From: kk_oop on
Hi. I'm working on an architecture consisting of a group of
interacting components. By a component, I mean a cohesive group of
classes that offer their behavior to other components through a well
defined interface. Aside from the interface, all other details are
hidden from external components.

I'm defining an approach to make the component interfaces "well
defined." To do this, I'm using "design by contract" ideas. The
contracts are being defining in terms preconditions and
postconditions. These are defined in terms of a notional domain model
for each component. It's essentially the technique described in Craig
Larman's Applying UML and Patterns: An Introduction to Object-Oriented
Analysis and Design and Iterative Development.

For instance, a Widget Factory component may offer an allocateWidget
service. To define the behavior of allocateWidget, I'd create a class
diagram with a notional domain class called Widget and one called
Widget Factory. I'd show a relationship between these classes. Then,
taking Craig Larman's approach, I'd define an allocateWidget post
condition stating that a Widget instance was created and an instance
of the relationship between WidgetFactory and Widget was created.
This contract and the domain class diagram would be made available as
part of the component's "black box" documentation.

So that's the general approach.

My question is this. Should I be defining contracts for a component's
periodic behavior if it impacts the domain model? Technically, a
periodic is not visible to a client, so it can be seen as an
implementation detail. However, if that periodic is changing the
domain model in such a way that it can impact other services'
preconditions, it seems to me that the periodic contract should be
made visible to clients. For instance, in the example component
above, if a periodic were deleting a Widget under certain conditions,
it seems to me that this should be made visible to clients, and a way
to make it visible would be to make the periodic's contract visible to
the clients.

Any opinions would be greatly appreciated!

Thanks,

Ken

From: H. S. Lahman on
Responding to Kk_oop...

> My question is this.
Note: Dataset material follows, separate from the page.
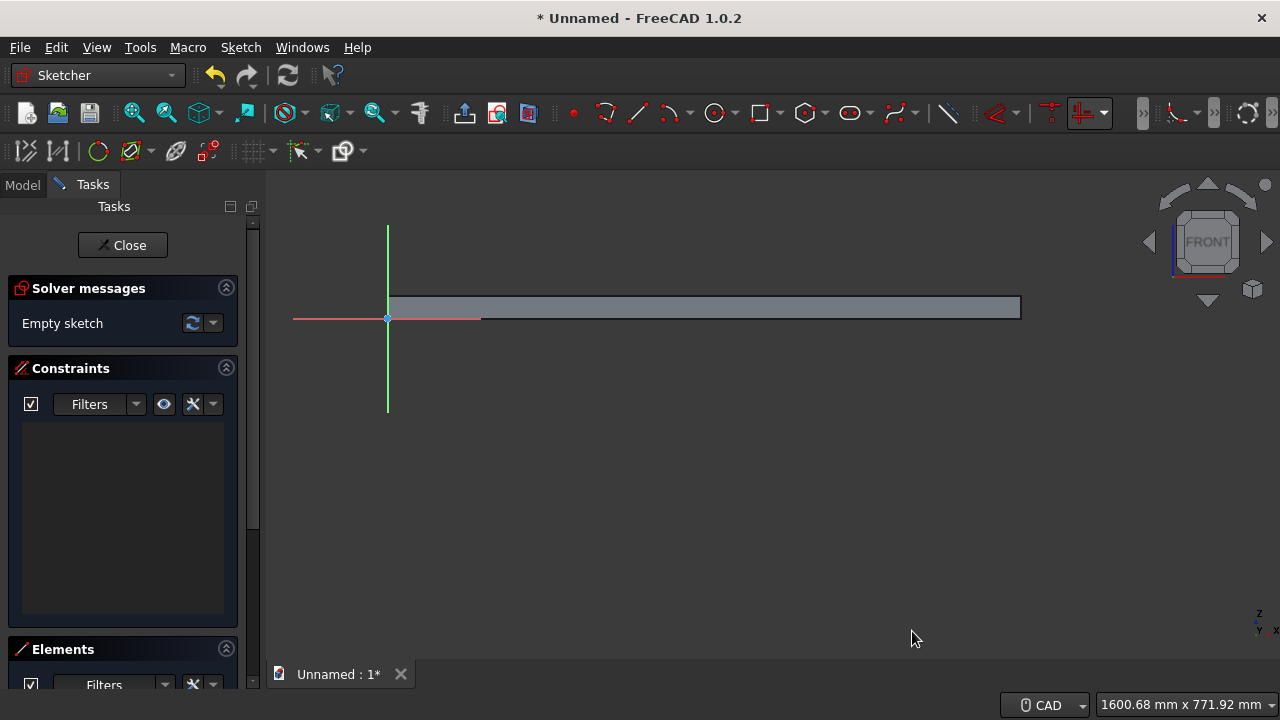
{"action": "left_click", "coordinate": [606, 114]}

Should I be defining contracts for a component's
> periodic behavior if it impacts the domain model? Technically, a
> periodic is not visible to a client, so it can be seen as an
> implementation detail. However, if that periodic is changing the
> domain model in such a way that it can impact other services'
> preconditions, it seems to me that the periodic contract should be
> made visible to clients. For instance, in the example component
> above, if a periodic were deleting a Widget under certain conditions,
> it seems to me that this should be made visible to clients, and a way
> to make it visible would be to make the periodic's contract visible to
> the clients.

I'm not quite sure what you mean by "a periodic". Do you mean some
object is doing things concurrently according to a fixed time schedule?

Assuming that is the case, then how does that object delete the Widget?
Surely it must use the same Facade interface the other objects use to
interact with the encapsulated objects. If so, then there may be a
dependency between the interface methods. For example, one might not be
able to invoke allocateWidget if there is already one there so one must
wait until after deleteWidget is invoked.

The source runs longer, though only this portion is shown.